Dataset records
*** Block opens ***

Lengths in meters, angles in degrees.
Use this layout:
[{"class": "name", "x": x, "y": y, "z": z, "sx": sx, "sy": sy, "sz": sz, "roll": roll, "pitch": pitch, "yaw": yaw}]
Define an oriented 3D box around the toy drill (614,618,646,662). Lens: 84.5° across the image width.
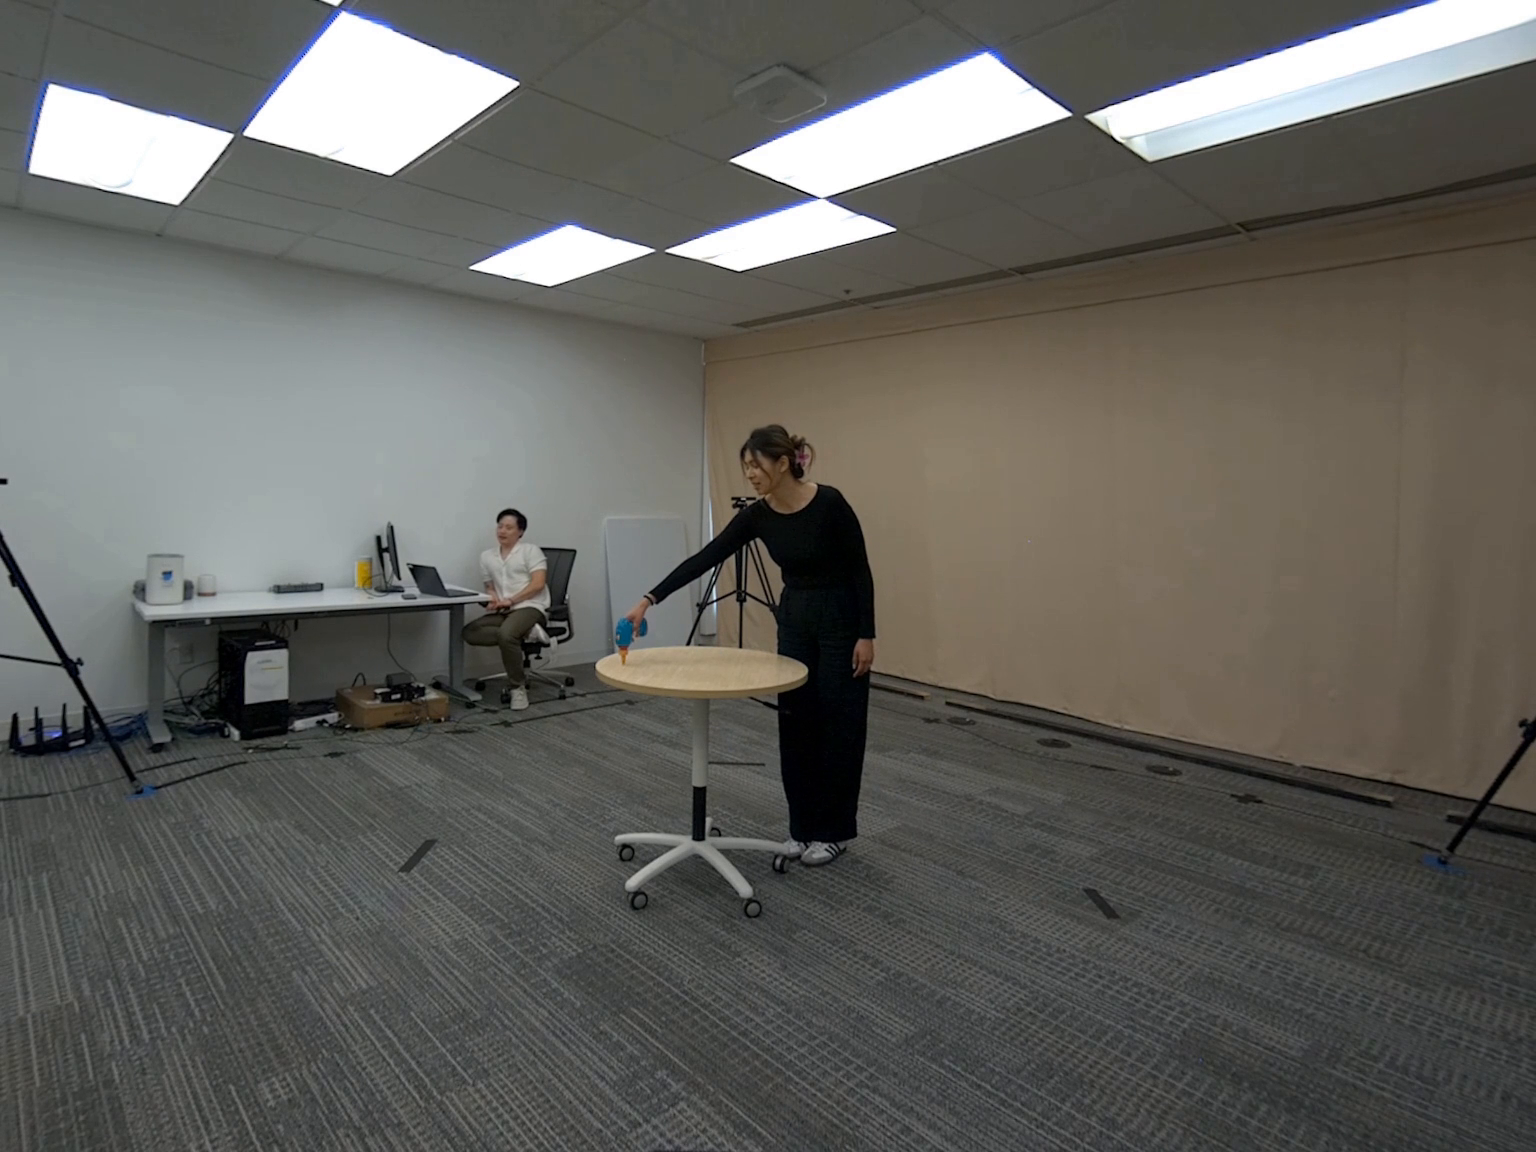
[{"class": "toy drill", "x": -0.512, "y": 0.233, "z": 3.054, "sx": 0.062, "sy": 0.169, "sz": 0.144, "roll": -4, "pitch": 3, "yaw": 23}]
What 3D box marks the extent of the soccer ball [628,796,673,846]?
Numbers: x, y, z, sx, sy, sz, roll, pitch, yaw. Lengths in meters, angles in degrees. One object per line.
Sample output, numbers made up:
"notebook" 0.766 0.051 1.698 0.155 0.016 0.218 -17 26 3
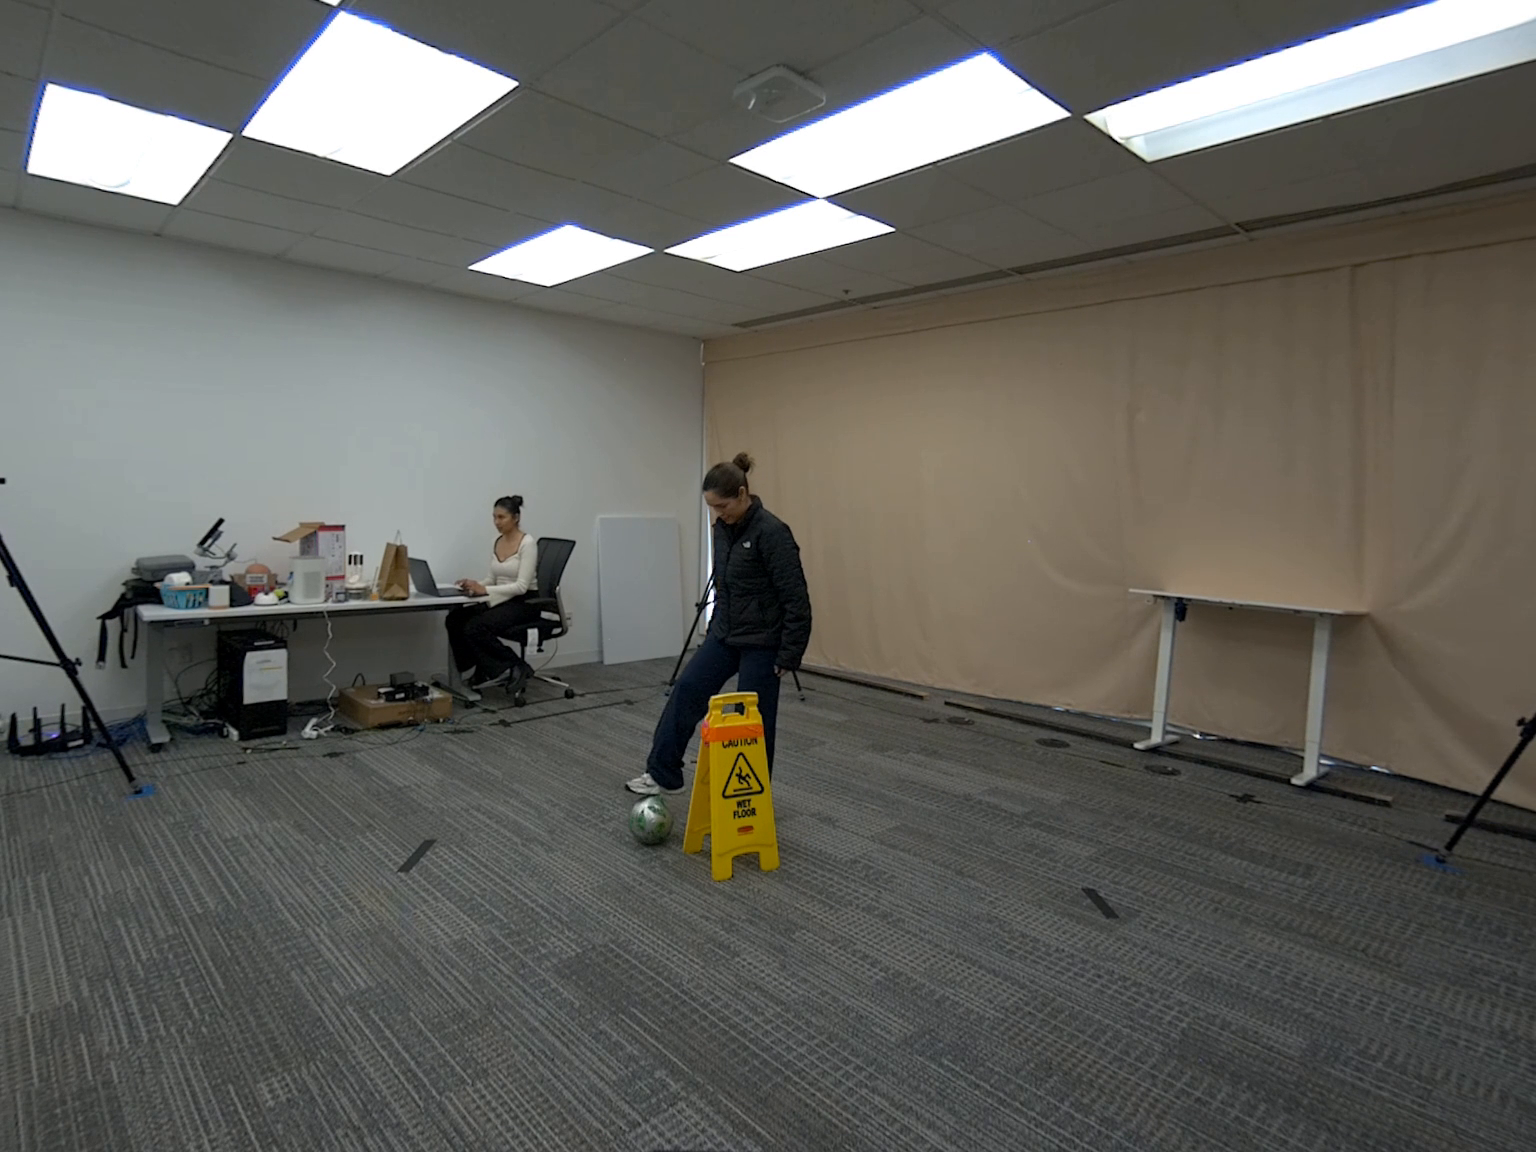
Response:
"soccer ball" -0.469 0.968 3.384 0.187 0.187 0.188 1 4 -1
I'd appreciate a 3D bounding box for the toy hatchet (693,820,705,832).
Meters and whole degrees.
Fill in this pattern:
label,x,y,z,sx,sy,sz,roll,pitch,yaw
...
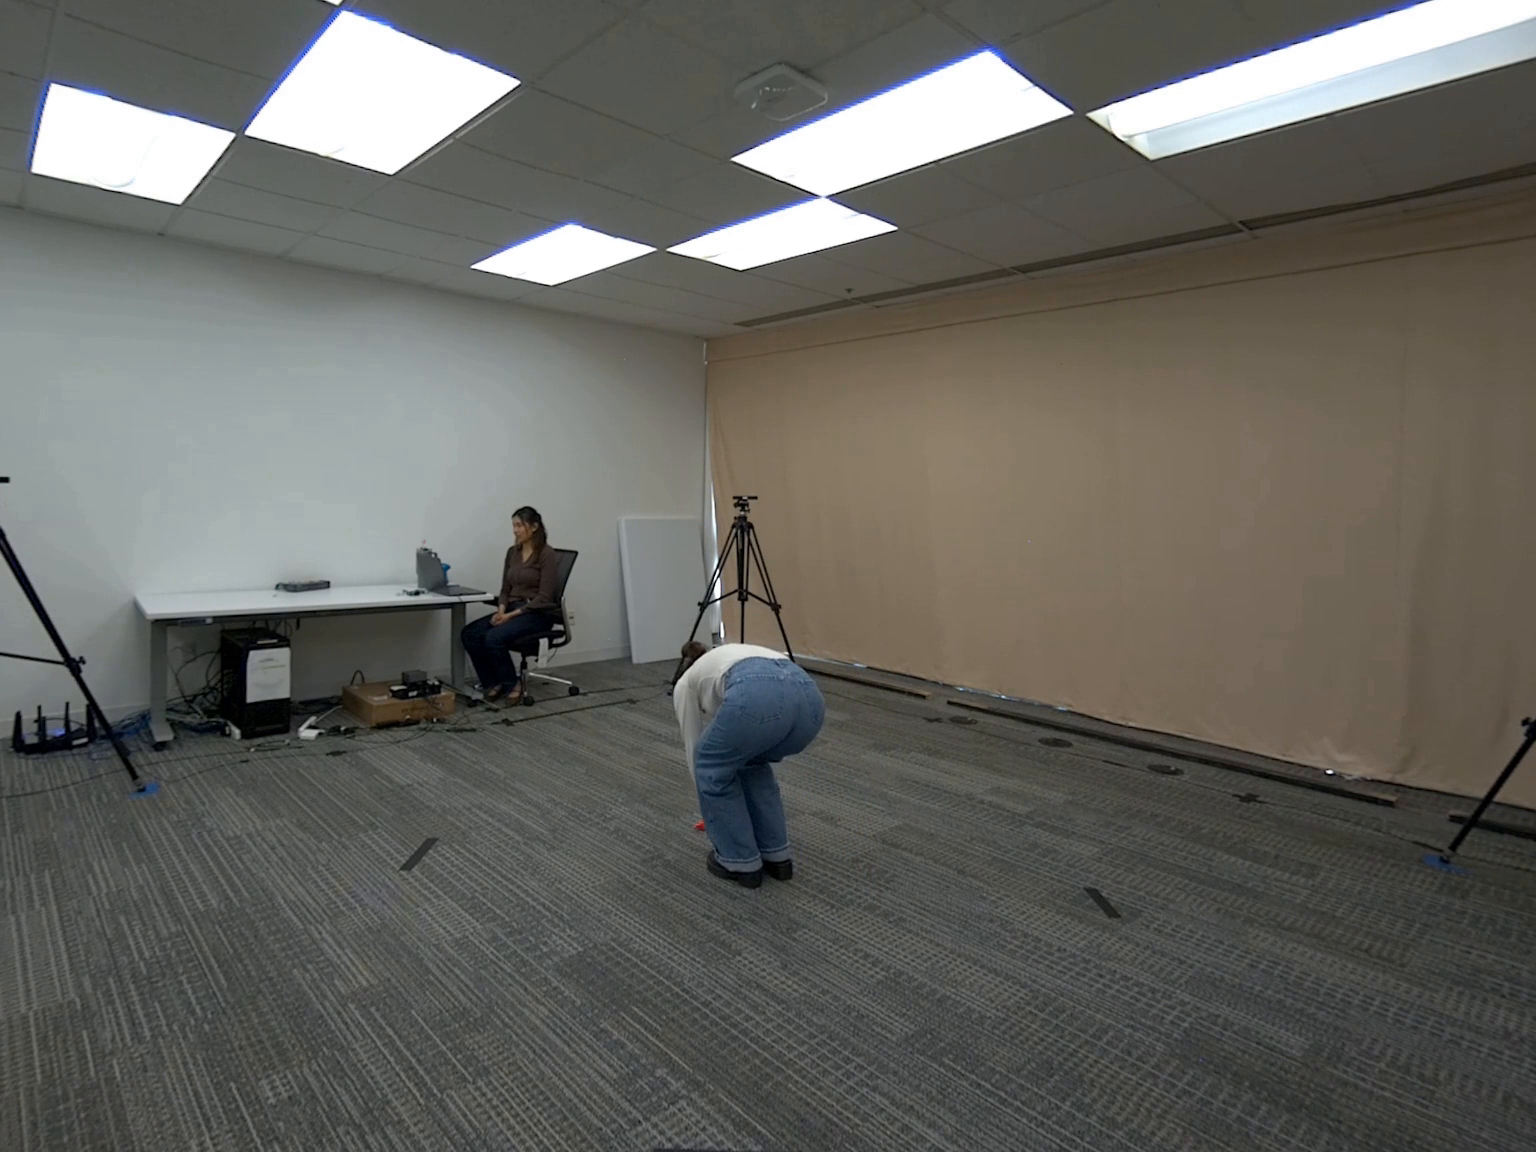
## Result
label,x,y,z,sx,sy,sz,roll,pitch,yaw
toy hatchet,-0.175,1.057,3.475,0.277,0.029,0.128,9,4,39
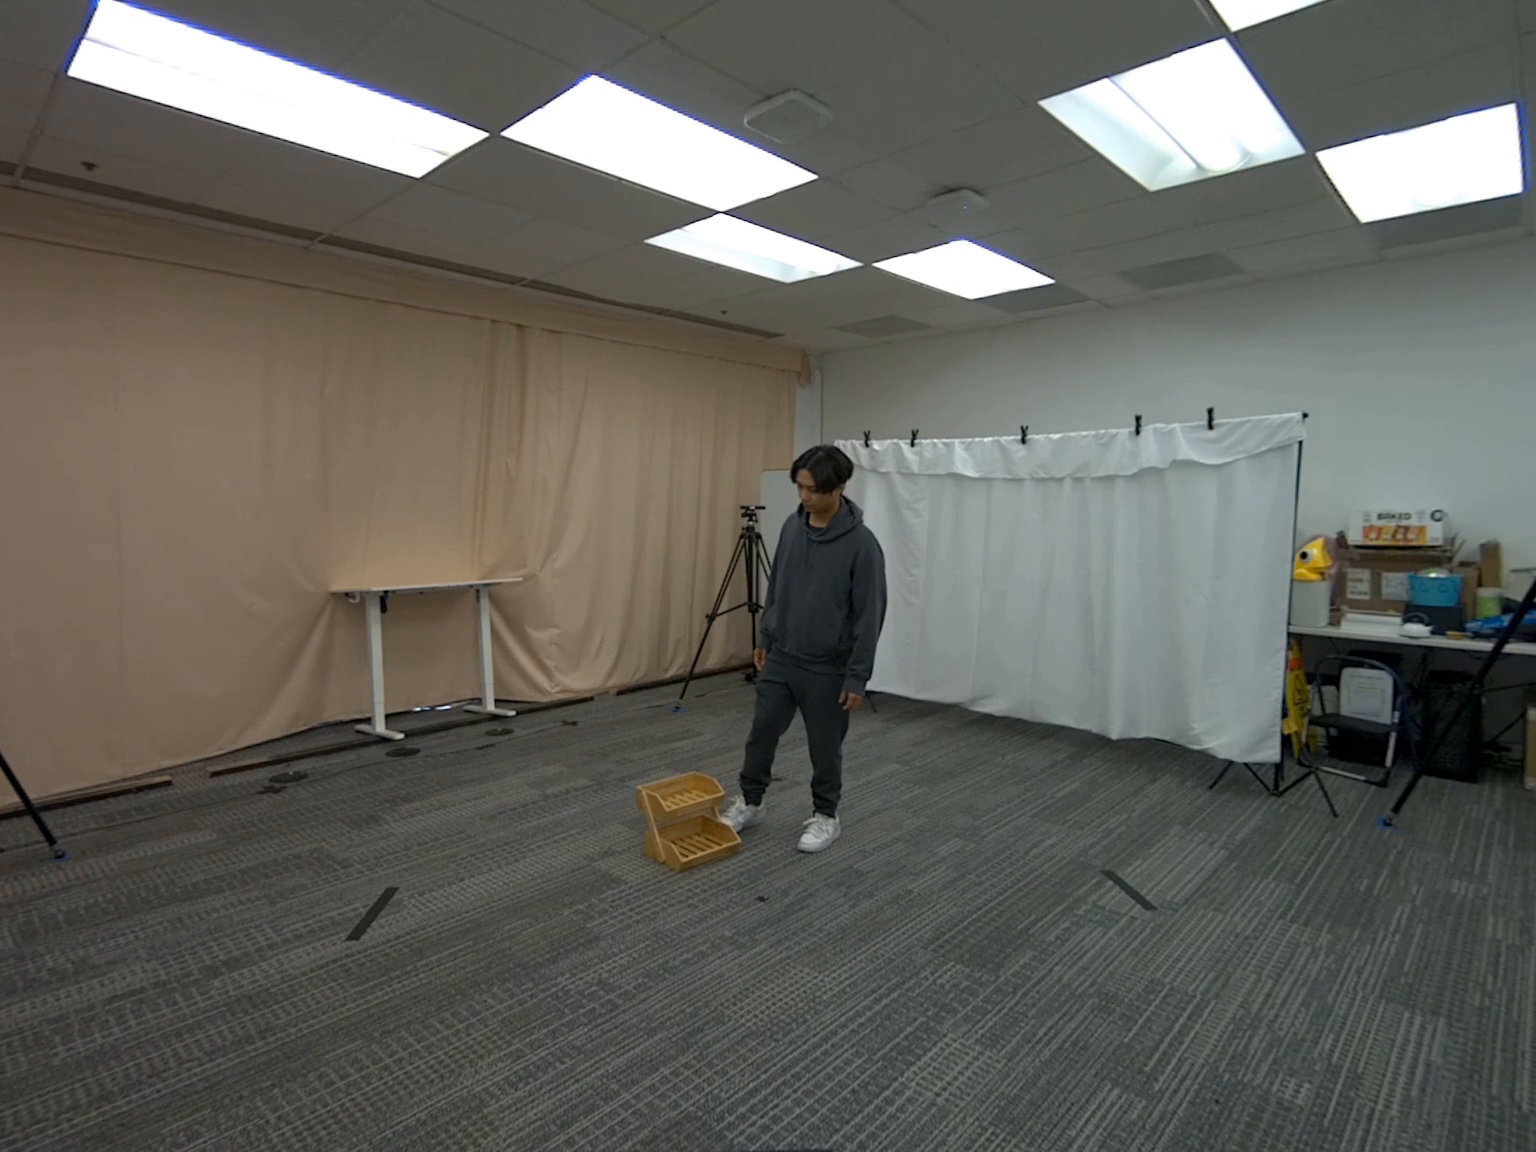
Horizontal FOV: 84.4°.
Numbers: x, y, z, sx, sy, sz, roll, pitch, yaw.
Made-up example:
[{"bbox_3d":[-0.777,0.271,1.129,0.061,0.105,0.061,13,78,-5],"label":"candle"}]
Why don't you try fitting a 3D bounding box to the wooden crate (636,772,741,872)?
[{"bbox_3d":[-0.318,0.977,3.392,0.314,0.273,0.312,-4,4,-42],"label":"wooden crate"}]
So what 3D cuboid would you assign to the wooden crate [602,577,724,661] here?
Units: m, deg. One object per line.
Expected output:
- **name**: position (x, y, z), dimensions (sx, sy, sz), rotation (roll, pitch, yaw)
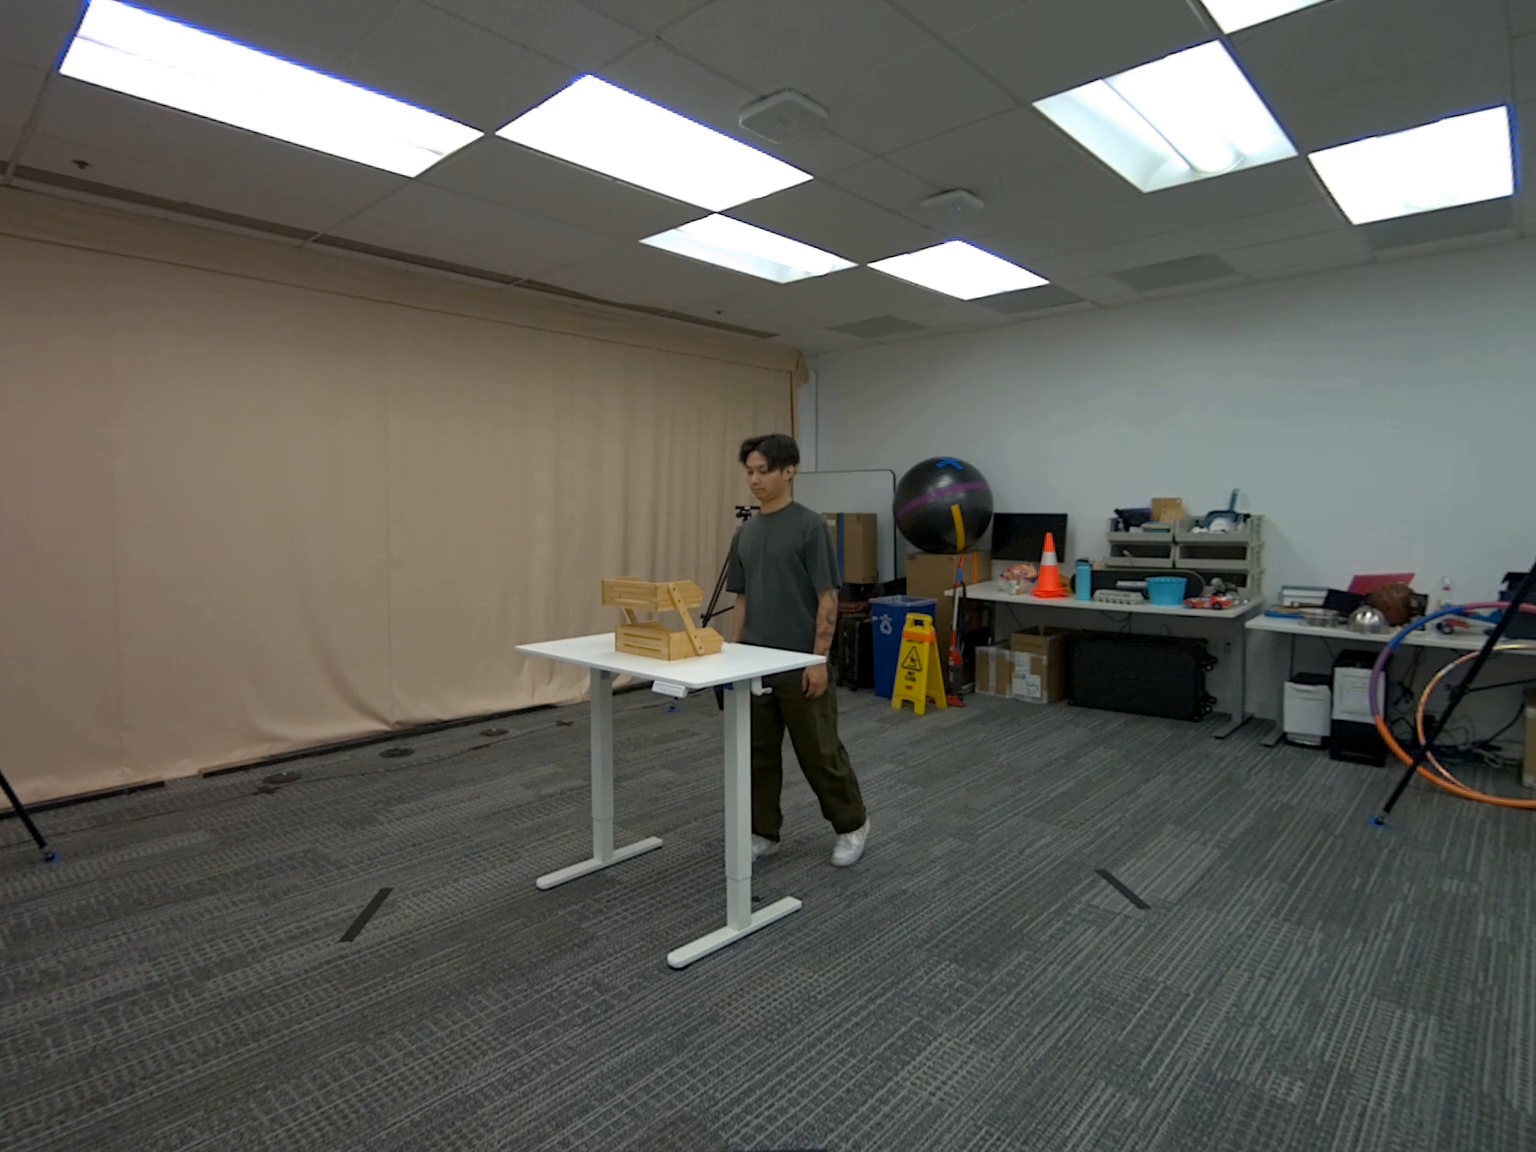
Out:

*** Block closes ***

Task description »
In the transcription, every picture is to be excluded and the records above given again exactly.

Finished exercise »
Lengths in meters, angles in degrees.
Use this layout:
[{"class": "name", "x": x, "y": y, "z": z, "sx": sx, "sy": sy, "sz": sz, "roll": roll, "pitch": pitch, "yaw": yaw}]
Define an oriented 3D box around the toy drill (614,618,646,662). Lens: 84.5° across the image width.
[{"class": "toy drill", "x": -0.512, "y": 0.233, "z": 3.054, "sx": 0.062, "sy": 0.169, "sz": 0.144, "roll": -4, "pitch": 3, "yaw": 23}]
What 3D box marks the extent of the soccer ball [628,796,673,846]?
Numbers: x, y, z, sx, sy, sz, roll, pitch, yaw. Lengths in meters, angles in degrees. One object per line.
Sample output, numbers made up:
"notebook" 0.766 0.051 1.698 0.155 0.016 0.218 -17 26 3
Response:
"soccer ball" -0.469 0.968 3.384 0.187 0.187 0.188 1 4 -1
I'd appreciate a 3D bounding box for the toy hatchet (693,820,705,832).
Meters and whole degrees.
Fill in this pattern:
label,x,y,z,sx,sy,sz,roll,pitch,yaw
...
## Result
label,x,y,z,sx,sy,sz,roll,pitch,yaw
toy hatchet,-0.175,1.057,3.475,0.277,0.029,0.128,9,4,39
Horizontal FOV: 84.4°.
Numbers: x, y, z, sx, sy, sz, roll, pitch, yaw.
Made-up example:
[{"bbox_3d":[-0.777,0.271,1.129,0.061,0.105,0.061,13,78,-5],"label":"candle"}]
Why don't you try fitting a 3D bounding box to the wooden crate (636,772,741,872)?
[{"bbox_3d":[-0.318,0.977,3.392,0.314,0.273,0.312,-4,4,-42],"label":"wooden crate"}]
So what 3D cuboid would you assign to the wooden crate [602,577,724,661] here?
Units: m, deg. One object per line.
Expected output:
- **name**: position (x, y, z), dimensions (sx, sy, sz), rotation (roll, pitch, yaw)
Out:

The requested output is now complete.